Sunday, October 2, 2011

Learning to Expect the Unexpected

Recently, as I was preparing images for exhibition in the fall Hill Country Invitational show, I had some surprising, but not totally unexpected experiences.  In my previous post, I mentioned the serendipitous nature of the particular photographic arts that I have been pursuing.  I have seen enough of this that I have come to expect the unexpected.

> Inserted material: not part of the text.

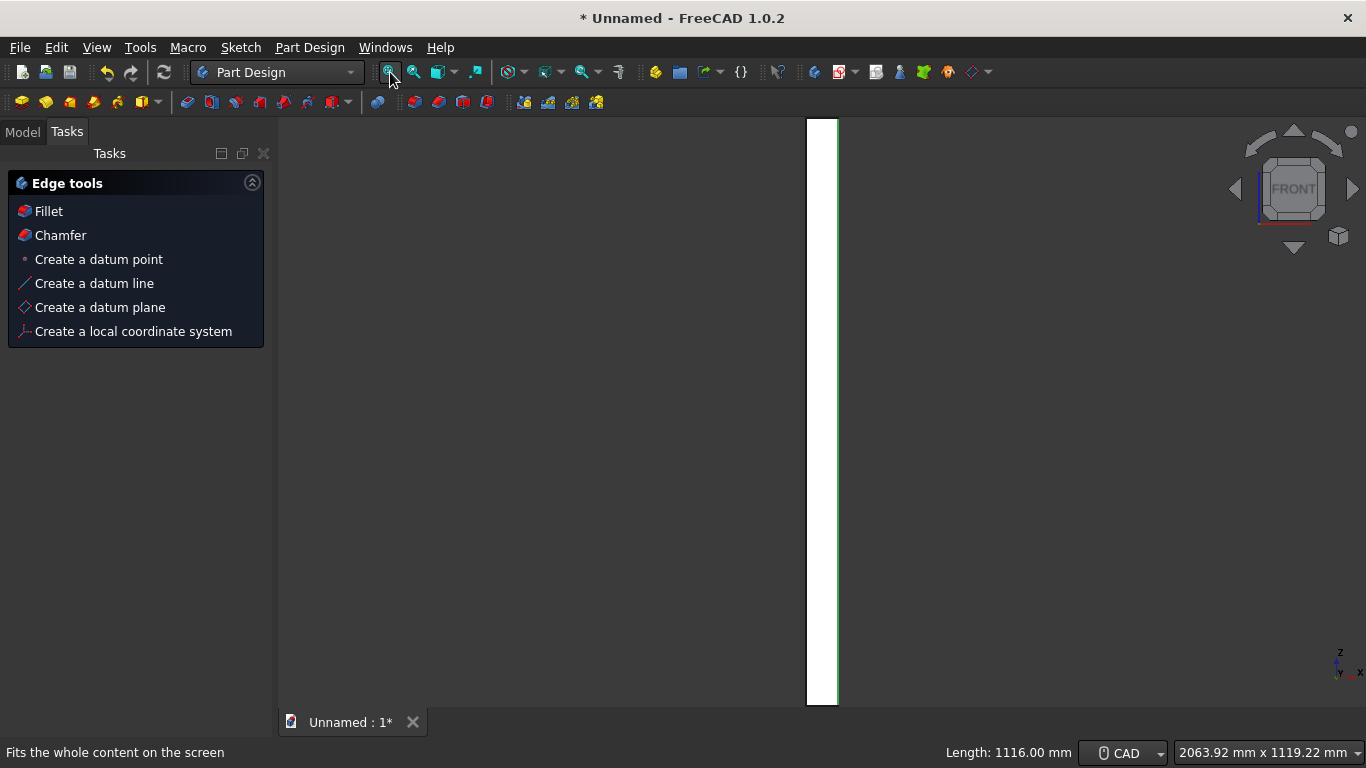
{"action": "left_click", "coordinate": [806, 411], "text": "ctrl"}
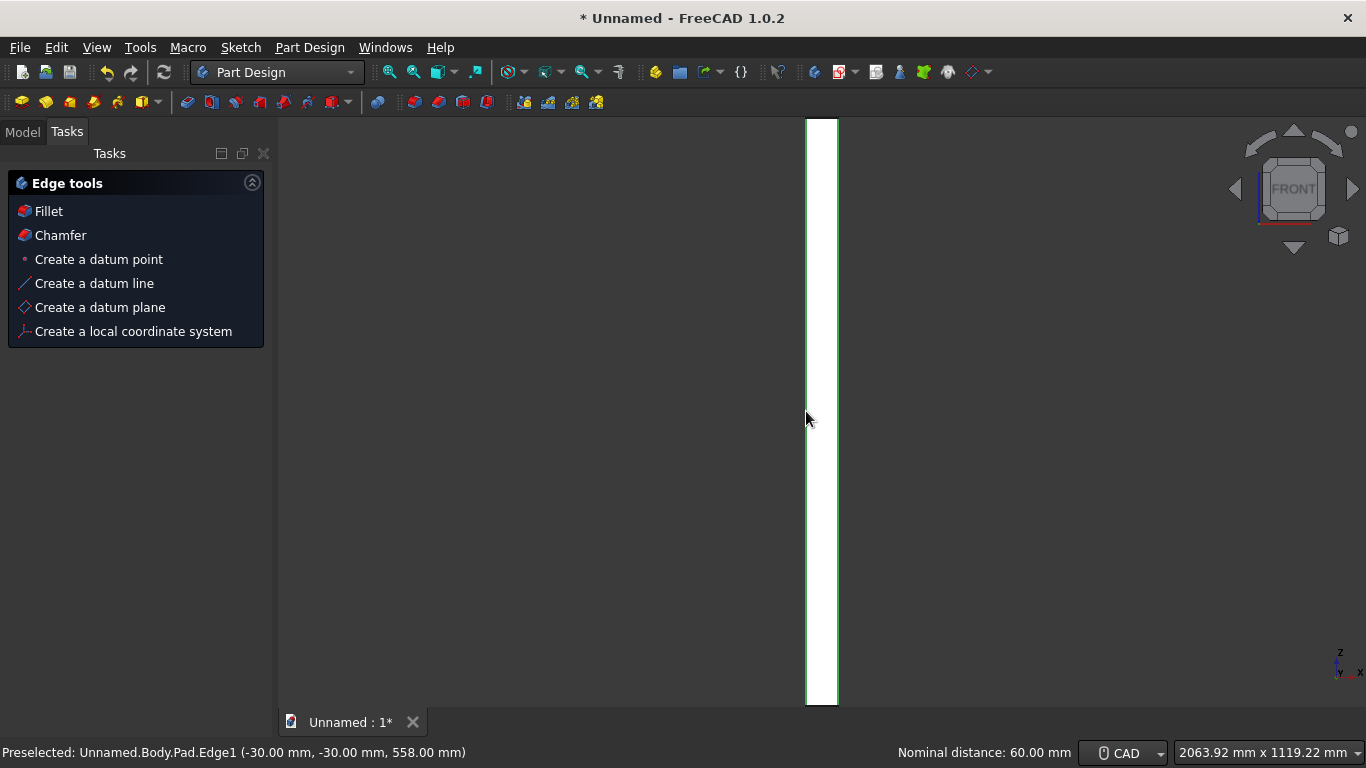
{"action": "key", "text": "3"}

It frequently happens that I stumble upon images that I have composed and recorded months, even years, ago that I never suspected, at the time, had any particular merit.  Probably my most popular photograph— CROWNED WITH THE CROSS— came to light this way.  I had taken a vertical panoramic photograph sequence of the highly sculptured limestone entrance to Mission San Jose, compiled the frames into a single image, and then stored it away; not at all impressed with the composition or any other qualities.  For two years it lay hidden away from any eyes— collecting digital dust on my hard-drive.

© Bill Brockmeier
As it happened, the Boerne Professional Artists had seen some of my work and invited me to my first Hill Country Invitational show.  As part of the events leading up to the show, a large two-page advertisement spread was purchased in the prestigious Southwest Art magazine, with each artist having the opportunity to place one of their images in the spread.  I chose a vertical pano (UNSEEN ETERNAL) I had taken of the Convento at Mission San Jose, and which had already won a first-place award (and also sold!) at a juried show curated by the New Braunfels Art League.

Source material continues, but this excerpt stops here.